▸ What you have to do
Print back each record unchanged, without pictures.

- - - -

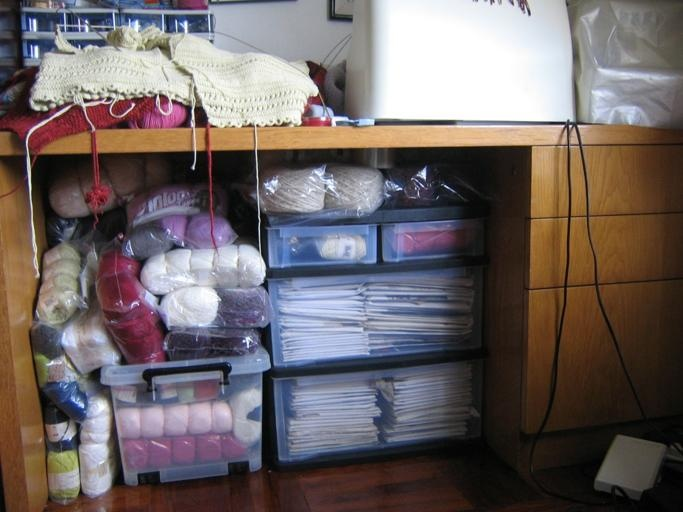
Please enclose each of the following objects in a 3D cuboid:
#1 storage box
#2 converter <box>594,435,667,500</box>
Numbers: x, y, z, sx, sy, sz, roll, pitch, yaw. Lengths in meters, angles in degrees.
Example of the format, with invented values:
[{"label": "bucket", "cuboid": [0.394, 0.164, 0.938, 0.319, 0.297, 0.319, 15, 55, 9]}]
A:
[{"label": "storage box", "cuboid": [-0.026, 0.123, 1.750, 0.984, 0.684, 0.588, -3, 18, -9]}, {"label": "converter", "cuboid": [0.654, 0.483, 1.426, 0.116, 0.089, 0.157, 12, 25, 39]}]
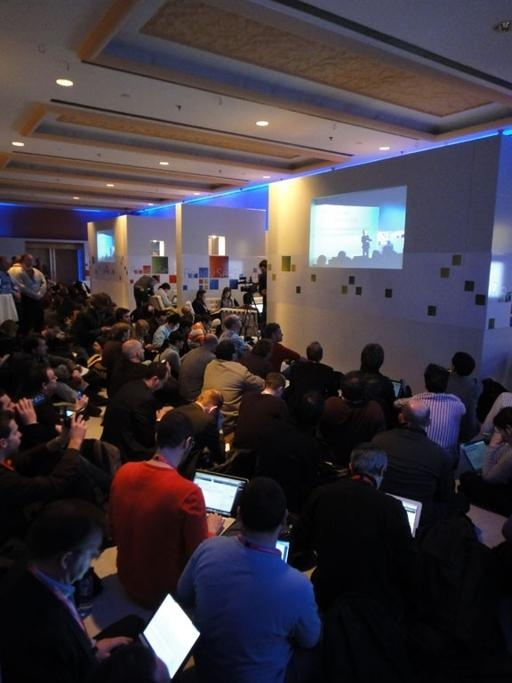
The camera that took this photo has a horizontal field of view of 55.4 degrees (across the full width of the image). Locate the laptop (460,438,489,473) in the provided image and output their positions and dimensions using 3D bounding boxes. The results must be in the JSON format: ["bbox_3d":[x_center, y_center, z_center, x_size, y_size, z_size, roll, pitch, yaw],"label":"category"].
[{"bbox_3d":[1.466,0.761,3.270,0.203,0.189,0.047,-1,-16,-20],"label":"laptop"}]

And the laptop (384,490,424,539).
[{"bbox_3d":[0.708,0.825,2.312,0.134,0.158,0.070,9,12,38],"label":"laptop"}]
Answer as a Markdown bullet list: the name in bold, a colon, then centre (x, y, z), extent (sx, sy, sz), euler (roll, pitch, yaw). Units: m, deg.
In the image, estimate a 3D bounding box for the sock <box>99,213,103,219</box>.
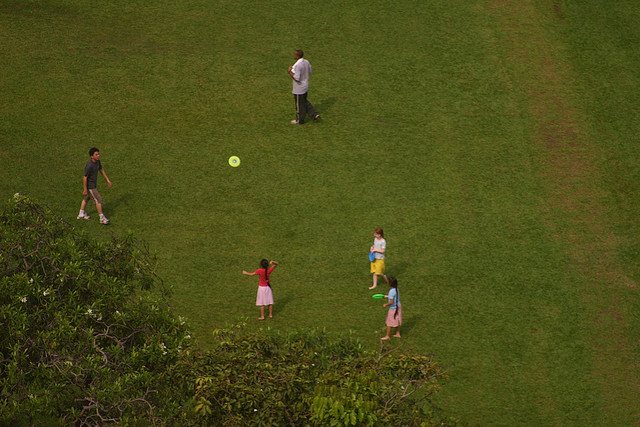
- **sock**: centre (-6.802, 0.044, 39.492), extent (0.179, 0.204, 0.179), euler (2, -88, -2)
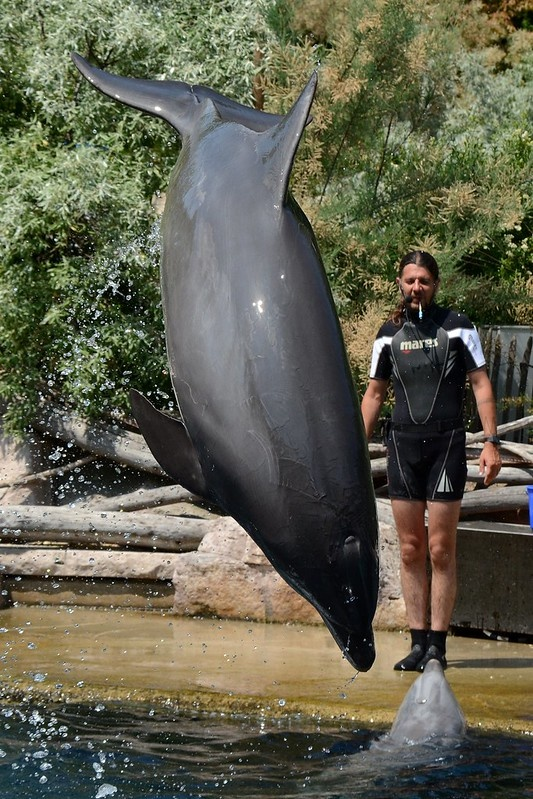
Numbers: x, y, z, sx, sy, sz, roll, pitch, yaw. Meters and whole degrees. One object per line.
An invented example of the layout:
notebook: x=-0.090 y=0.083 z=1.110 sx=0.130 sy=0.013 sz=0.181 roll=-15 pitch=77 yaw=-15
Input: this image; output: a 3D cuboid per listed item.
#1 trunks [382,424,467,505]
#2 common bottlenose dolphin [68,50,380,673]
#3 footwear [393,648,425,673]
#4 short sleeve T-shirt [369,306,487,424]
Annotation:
trunks: x=0.665 y=0.243 z=4.721 sx=0.368 sy=0.331 sz=0.241 roll=-1 pitch=-1 yaw=41
common bottlenose dolphin: x=-0.045 y=-0.109 z=3.284 sx=0.477 sy=1.648 sz=0.890 roll=-1 pitch=3 yaw=-20
footwear: x=0.592 y=1.060 z=4.733 sx=0.065 sy=0.115 sz=0.171 roll=3 pitch=-6 yaw=-44
short sleeve T-shirt: x=0.644 y=-0.141 z=4.692 sx=0.473 sy=0.509 sz=0.245 roll=-1 pitch=8 yaw=26

- - - -

▸ Response
Please enclose each of the following objects in a 3D cuboid:
#1 storage box
#2 converter <box>594,435,667,500</box>
Numbers: x, y, z, sx, sy, sz, roll, pitch, yaw. Lengths in meters, angles in degrees.
Example of the format, with invented values:
[{"label": "bucket", "cuboid": [0.394, 0.164, 0.938, 0.319, 0.297, 0.319, 15, 55, 9]}]
A:
[{"label": "storage box", "cuboid": [-0.026, 0.123, 1.750, 0.984, 0.684, 0.588, -3, 18, -9]}, {"label": "converter", "cuboid": [0.654, 0.483, 1.426, 0.116, 0.089, 0.157, 12, 25, 39]}]
The camera that took this photo has a horizontal field of view of 55.4 degrees (across the full width of the image). Locate the laptop (460,438,489,473) in the provided image and output their positions and dimensions using 3D bounding boxes. The results must be in the JSON format: ["bbox_3d":[x_center, y_center, z_center, x_size, y_size, z_size, roll, pitch, yaw],"label":"category"].
[{"bbox_3d":[1.466,0.761,3.270,0.203,0.189,0.047,-1,-16,-20],"label":"laptop"}]

And the laptop (384,490,424,539).
[{"bbox_3d":[0.708,0.825,2.312,0.134,0.158,0.070,9,12,38],"label":"laptop"}]
Answer as a Markdown bullet list: the name in bold, a colon, then centre (x, y, z), extent (sx, sy, sz), euler (roll, pitch, yaw). Units: m, deg.
In the image, estimate a 3D bounding box for the sock <box>99,213,103,219</box>.
- **sock**: centre (-6.802, 0.044, 39.492), extent (0.179, 0.204, 0.179), euler (2, -88, -2)
Numbers: x, y, z, sx, sy, sz, roll, pitch, yaw. Meters and whole degrees. One object per line.
An invented example of the layout:
notebook: x=-0.090 y=0.083 z=1.110 sx=0.130 sy=0.013 sz=0.181 roll=-15 pitch=77 yaw=-15
Input: this image; output: a 3D cuboid per listed item.
#1 trunks [382,424,467,505]
#2 common bottlenose dolphin [68,50,380,673]
#3 footwear [393,648,425,673]
#4 short sleeve T-shirt [369,306,487,424]
Annotation:
trunks: x=0.665 y=0.243 z=4.721 sx=0.368 sy=0.331 sz=0.241 roll=-1 pitch=-1 yaw=41
common bottlenose dolphin: x=-0.045 y=-0.109 z=3.284 sx=0.477 sy=1.648 sz=0.890 roll=-1 pitch=3 yaw=-20
footwear: x=0.592 y=1.060 z=4.733 sx=0.065 sy=0.115 sz=0.171 roll=3 pitch=-6 yaw=-44
short sleeve T-shirt: x=0.644 y=-0.141 z=4.692 sx=0.473 sy=0.509 sz=0.245 roll=-1 pitch=8 yaw=26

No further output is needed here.